[Provided records — start]

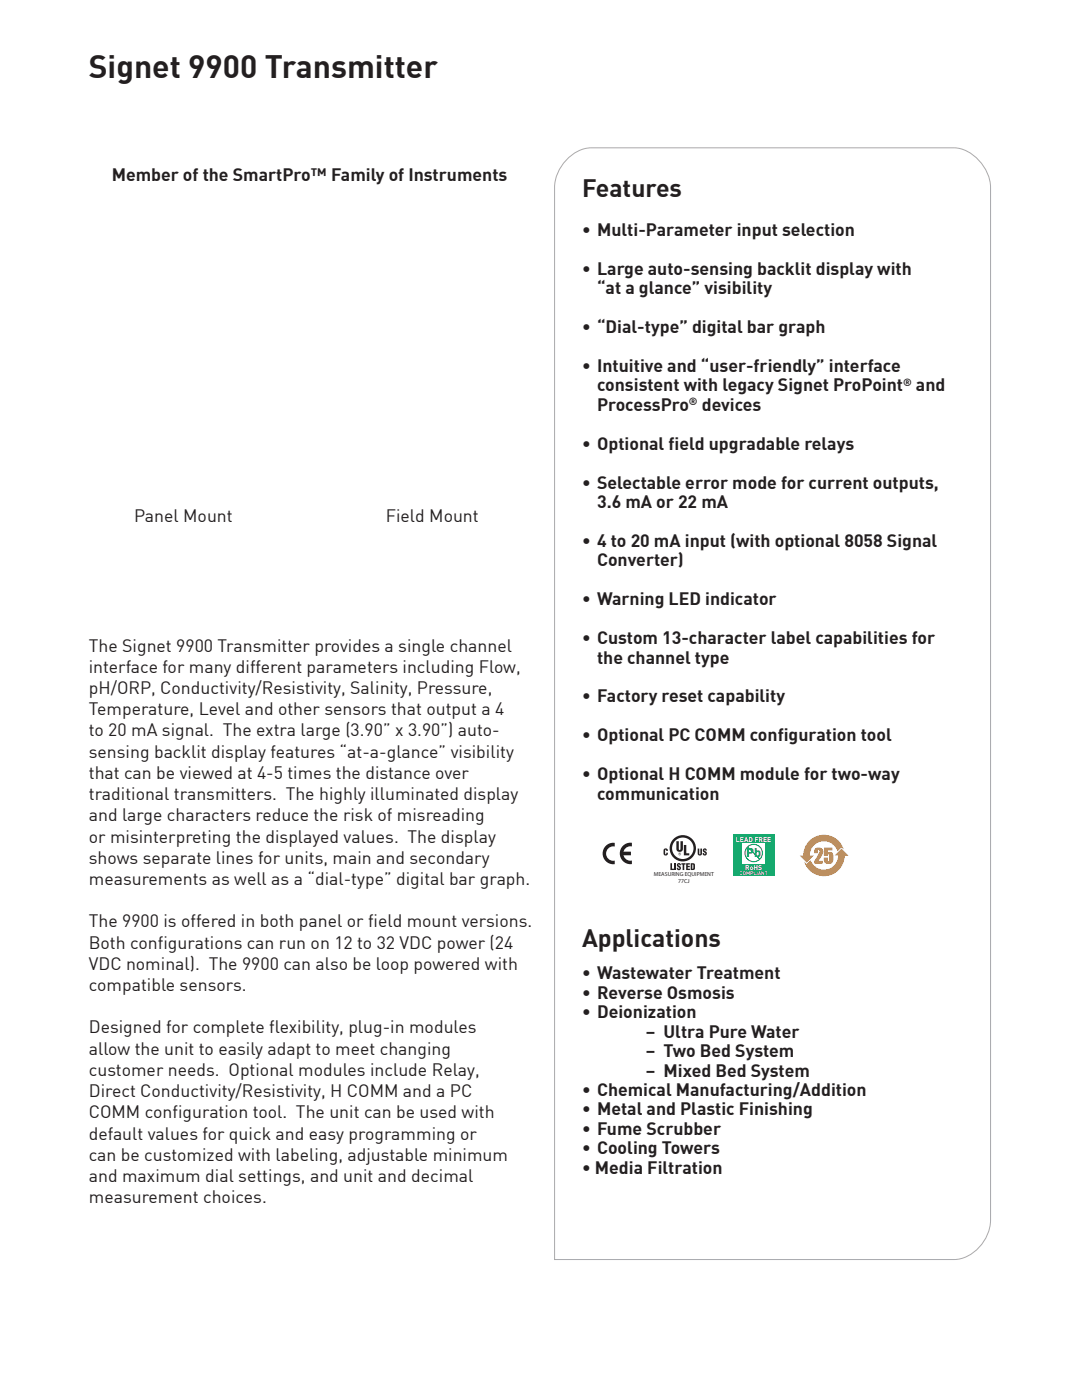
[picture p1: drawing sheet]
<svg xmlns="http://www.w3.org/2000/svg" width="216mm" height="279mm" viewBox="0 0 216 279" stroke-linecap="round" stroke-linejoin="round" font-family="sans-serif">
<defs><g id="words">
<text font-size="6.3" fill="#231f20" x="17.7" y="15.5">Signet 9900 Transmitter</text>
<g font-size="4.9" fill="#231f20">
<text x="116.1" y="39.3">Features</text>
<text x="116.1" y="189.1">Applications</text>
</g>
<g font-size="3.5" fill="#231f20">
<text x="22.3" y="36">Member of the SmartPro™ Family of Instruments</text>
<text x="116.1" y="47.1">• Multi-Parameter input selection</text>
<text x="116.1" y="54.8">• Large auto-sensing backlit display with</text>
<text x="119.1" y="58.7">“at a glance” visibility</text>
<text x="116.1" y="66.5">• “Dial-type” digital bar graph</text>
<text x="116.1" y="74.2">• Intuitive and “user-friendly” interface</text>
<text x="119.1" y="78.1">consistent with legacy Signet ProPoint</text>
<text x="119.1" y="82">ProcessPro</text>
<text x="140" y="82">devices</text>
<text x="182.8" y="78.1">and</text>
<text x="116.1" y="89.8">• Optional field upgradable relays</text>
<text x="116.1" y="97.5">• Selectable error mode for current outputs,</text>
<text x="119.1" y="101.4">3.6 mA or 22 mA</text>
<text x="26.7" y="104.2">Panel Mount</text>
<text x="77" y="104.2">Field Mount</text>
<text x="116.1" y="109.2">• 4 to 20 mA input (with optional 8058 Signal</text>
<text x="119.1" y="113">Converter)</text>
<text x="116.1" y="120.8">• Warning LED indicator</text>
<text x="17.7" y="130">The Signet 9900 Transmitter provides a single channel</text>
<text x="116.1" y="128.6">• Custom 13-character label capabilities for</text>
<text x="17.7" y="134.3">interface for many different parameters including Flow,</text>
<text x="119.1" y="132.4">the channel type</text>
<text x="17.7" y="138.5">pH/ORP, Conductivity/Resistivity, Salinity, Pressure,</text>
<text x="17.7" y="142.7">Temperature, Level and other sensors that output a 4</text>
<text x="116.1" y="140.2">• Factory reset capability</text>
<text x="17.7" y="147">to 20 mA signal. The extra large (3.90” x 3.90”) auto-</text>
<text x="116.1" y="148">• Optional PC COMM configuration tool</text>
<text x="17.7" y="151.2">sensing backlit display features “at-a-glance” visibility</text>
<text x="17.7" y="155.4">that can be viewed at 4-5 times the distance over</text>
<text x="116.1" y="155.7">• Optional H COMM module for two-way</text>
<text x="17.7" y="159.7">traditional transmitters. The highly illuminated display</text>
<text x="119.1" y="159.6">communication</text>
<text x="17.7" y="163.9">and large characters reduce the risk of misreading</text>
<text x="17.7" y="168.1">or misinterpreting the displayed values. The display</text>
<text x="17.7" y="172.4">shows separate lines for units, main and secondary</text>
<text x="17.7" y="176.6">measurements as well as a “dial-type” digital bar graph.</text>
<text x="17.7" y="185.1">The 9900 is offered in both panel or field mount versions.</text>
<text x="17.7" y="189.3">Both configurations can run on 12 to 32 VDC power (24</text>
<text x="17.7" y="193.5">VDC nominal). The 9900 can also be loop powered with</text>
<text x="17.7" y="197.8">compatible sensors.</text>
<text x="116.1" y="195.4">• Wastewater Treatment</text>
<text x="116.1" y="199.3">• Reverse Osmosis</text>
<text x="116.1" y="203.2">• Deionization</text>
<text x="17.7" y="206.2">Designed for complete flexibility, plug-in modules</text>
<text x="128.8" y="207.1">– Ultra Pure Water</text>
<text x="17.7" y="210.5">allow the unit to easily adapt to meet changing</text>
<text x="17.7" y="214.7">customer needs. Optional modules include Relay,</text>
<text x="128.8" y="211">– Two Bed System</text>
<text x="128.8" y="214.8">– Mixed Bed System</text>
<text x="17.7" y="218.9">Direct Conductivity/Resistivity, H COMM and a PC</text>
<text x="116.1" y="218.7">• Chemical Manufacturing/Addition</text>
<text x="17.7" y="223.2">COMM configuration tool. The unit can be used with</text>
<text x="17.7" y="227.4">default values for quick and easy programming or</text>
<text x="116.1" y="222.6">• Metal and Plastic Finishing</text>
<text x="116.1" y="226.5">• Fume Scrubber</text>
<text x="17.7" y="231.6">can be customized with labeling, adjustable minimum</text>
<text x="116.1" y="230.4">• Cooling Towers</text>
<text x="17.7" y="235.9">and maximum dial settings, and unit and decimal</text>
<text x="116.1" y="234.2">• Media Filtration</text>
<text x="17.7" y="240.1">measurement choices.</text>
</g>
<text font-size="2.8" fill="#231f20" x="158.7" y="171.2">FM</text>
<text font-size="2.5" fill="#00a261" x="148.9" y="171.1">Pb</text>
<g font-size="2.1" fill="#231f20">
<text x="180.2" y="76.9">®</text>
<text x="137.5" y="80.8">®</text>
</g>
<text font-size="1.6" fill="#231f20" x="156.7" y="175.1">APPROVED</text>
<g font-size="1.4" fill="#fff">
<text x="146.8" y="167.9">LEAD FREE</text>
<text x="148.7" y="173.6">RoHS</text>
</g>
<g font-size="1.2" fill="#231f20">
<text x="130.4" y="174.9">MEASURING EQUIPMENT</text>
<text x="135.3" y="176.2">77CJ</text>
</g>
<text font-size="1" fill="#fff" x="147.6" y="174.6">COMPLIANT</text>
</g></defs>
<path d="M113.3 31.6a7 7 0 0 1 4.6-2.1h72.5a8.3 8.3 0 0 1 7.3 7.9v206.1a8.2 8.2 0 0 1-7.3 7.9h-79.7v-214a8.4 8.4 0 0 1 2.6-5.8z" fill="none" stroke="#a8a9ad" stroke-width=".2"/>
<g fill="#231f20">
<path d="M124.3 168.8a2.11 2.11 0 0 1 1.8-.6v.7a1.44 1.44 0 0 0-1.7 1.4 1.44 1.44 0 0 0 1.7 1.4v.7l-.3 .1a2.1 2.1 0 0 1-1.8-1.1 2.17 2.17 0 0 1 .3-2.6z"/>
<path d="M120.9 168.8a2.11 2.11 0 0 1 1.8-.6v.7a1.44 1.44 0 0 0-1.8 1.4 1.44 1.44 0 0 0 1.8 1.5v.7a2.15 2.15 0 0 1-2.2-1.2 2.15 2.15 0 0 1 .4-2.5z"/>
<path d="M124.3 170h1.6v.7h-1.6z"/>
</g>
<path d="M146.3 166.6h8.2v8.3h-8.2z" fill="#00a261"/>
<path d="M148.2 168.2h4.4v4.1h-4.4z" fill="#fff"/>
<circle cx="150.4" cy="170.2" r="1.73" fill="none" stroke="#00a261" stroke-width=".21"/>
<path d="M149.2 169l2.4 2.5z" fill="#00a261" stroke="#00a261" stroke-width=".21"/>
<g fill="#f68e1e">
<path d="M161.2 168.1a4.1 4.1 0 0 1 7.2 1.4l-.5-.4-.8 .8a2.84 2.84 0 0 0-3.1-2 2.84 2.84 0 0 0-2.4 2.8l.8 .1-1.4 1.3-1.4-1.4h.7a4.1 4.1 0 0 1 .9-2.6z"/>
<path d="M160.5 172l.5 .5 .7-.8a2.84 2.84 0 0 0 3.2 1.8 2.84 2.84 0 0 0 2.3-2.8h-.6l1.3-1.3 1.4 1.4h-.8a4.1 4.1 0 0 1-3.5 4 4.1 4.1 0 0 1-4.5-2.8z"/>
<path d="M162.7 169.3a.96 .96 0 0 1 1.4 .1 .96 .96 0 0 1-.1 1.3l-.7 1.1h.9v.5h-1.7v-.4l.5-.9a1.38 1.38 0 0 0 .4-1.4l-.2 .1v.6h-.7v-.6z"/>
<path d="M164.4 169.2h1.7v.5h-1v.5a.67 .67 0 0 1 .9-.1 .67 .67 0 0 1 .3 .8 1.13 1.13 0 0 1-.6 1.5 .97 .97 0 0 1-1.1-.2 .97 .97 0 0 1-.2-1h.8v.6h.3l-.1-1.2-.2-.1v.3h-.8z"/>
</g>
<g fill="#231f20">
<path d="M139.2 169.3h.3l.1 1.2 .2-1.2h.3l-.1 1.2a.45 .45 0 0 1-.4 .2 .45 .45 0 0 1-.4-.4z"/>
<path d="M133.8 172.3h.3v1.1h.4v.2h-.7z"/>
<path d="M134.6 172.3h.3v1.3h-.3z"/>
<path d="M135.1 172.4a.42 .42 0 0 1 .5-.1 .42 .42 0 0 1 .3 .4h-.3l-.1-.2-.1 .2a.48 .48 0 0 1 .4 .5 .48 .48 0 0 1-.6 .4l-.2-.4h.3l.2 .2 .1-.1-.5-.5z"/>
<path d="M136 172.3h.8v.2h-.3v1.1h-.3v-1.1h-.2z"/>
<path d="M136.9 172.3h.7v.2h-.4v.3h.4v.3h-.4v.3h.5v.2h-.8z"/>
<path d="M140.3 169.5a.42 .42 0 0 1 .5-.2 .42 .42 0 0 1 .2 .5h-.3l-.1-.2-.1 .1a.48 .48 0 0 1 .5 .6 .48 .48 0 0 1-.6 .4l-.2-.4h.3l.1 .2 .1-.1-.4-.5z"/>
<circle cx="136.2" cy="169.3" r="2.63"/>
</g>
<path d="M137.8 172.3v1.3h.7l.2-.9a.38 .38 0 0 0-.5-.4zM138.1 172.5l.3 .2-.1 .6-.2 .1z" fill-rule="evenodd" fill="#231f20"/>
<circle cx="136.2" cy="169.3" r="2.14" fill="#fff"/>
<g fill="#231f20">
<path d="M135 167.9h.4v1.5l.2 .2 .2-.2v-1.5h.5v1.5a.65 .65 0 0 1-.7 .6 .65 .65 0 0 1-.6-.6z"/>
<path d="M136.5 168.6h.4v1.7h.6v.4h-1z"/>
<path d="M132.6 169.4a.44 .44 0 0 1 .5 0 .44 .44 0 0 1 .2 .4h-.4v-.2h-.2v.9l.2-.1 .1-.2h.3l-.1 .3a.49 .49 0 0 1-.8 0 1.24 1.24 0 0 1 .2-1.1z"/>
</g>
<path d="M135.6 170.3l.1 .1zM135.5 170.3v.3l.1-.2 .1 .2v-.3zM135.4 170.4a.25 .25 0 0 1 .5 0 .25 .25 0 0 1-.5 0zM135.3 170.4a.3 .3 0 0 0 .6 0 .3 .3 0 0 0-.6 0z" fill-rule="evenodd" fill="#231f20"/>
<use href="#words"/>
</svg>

[Provided records — finish]

## The task
What belongs in the answer is the line with "169.4a.44 .44 0" plus every later line of the listing, copied word for word and nothing besides.

## Result of this task
<path d="M132.6 169.4a.44 .44 0 0 1 .5 0 .44 .44 0 0 1 .2 .4h-.4v-.2h-.2v.9l.2-.1 .1-.2h.3l-.1 .3a.49 .49 0 0 1-.8 0 1.24 1.24 0 0 1 .2-1.1z"/>
</g>
<path d="M135.6 170.3l.1 .1zM135.5 170.3v.3l.1-.2 .1 .2v-.3zM135.4 170.4a.25 .25 0 0 1 .5 0 .25 .25 0 0 1-.5 0zM135.3 170.4a.3 .3 0 0 0 .6 0 .3 .3 0 0 0-.6 0z" fill-rule="evenodd" fill="#231f20"/>
<use href="#words"/>
</svg>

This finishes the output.